• **What you will do**
Give the count of lines in the entries below that contain the string "substring", and only that count.

·····

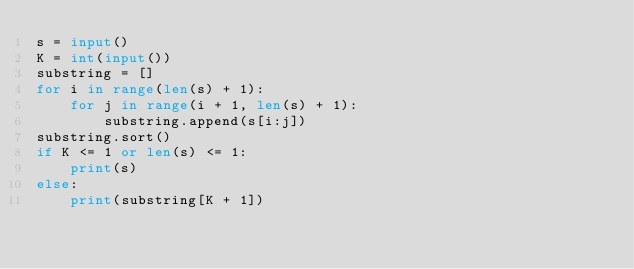<code> <loc_0><loc_0><loc_500><loc_500><_Python_>s = input()
K = int(input())
substring = []
for i in range(len(s) + 1):
	for j in range(i + 1, len(s) + 1):
		substring.append(s[i:j])
substring.sort()
if K <= 1 or len(s) <= 1:
	print(s)
else:
	print(substring[K + 1])</code>

·····

• **Response to the exercise**
4